Wonderful writing from Lauren Collins.
Replaying My Shame
I am never allowed to forget that this moment existed for long. It seems that whenever I’m about to, it pops back up: A new acquaintance — a nurse about to draw blood, or a fellow parent at the playground — will narrate it to me from memory as they piece together why it is I look familiar. An interviewer will use it to introduce me to an audience as I sit there waiting for them to mention that I’ve written books. It’s hard to quantify how many people have watched the clip, pageviews being the fudgable metric they are, but one version on YouTube has 3 million views and counting. Just based on initial viewership of the live show, it’s the largest audience I have ever reached simultaneously in my entire career, and in all likelihood it will remain so.
Hard relate.
Quick Links
"The boy with the most beautiful name in Hollywood was once told by an agent to change it to Lenny Williams." Love this 1995 profile of Leonardo DiCaprio (NYT). Oh, the access!
"Recently I came to understand that my unmanageable inbox was a direct result of the way I composed my own messages. This realization changed my life: Bad email begets bad email. The only way to break the cycle is to send better emails in the first place." Preach.
All those studies on depression medication which use mice . . . ever wondered how you know a mouse is less depressed?

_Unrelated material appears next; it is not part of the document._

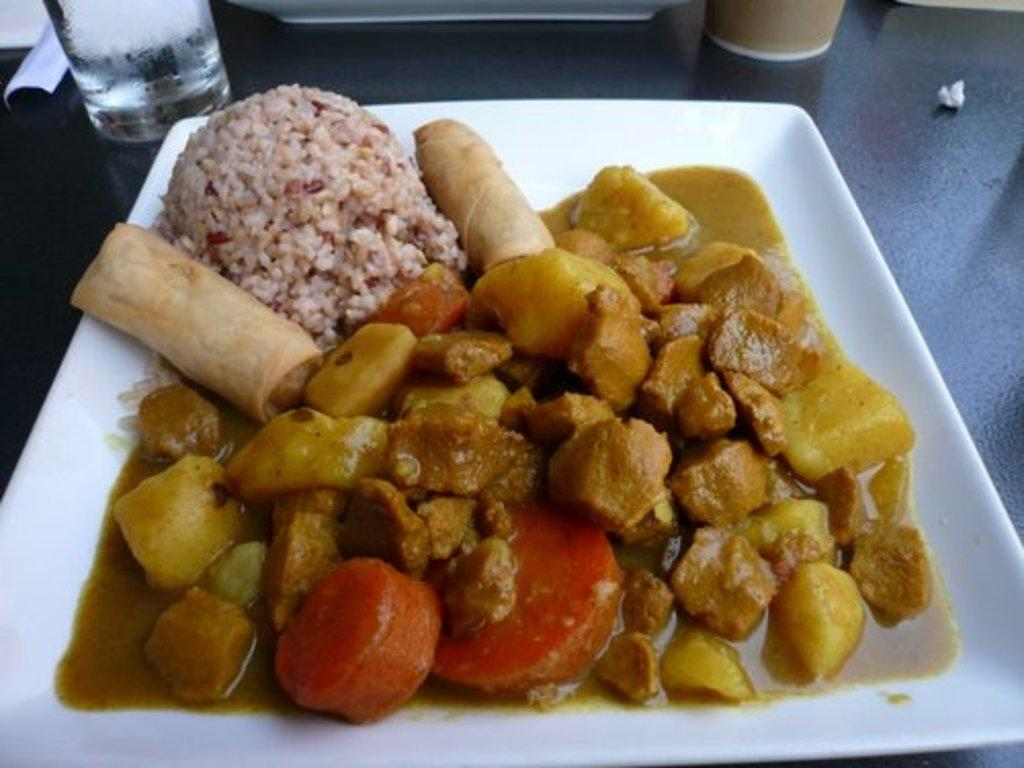What is on the plate that is visible in the image? The plate contains food. What else can be seen on the table in the image? There are glasses on the table. Where is the plate located in the image? The plate is placed on the table. What type of boot is placed on the seat next to the plate in the image? There is no boot or seat present in the image; it only features a plate with food and glasses on a table.

Turns out neither do scientists. They've been using "how long will they swim to stop themselves drowning" as a proxy.
"The Hot Mess is more of a persona than a personality, less a projection of “flawed human being who tries her best and often succeeds” than the broadcasted shrug of “that 10th house in Capricorn was a lucky break, I guess.” Her achievements aren’t accidents, but she doesn’t want you to see how much she cares." This is SUCH a temptation for high-flying women. Don't dislike me! I'm actually a mess! Resisting Hot Mess Syndrome was one of the reasons I was enthusiastic about Elizabeth Warren, before her mysterious handbrake turn into dead-end identity politics.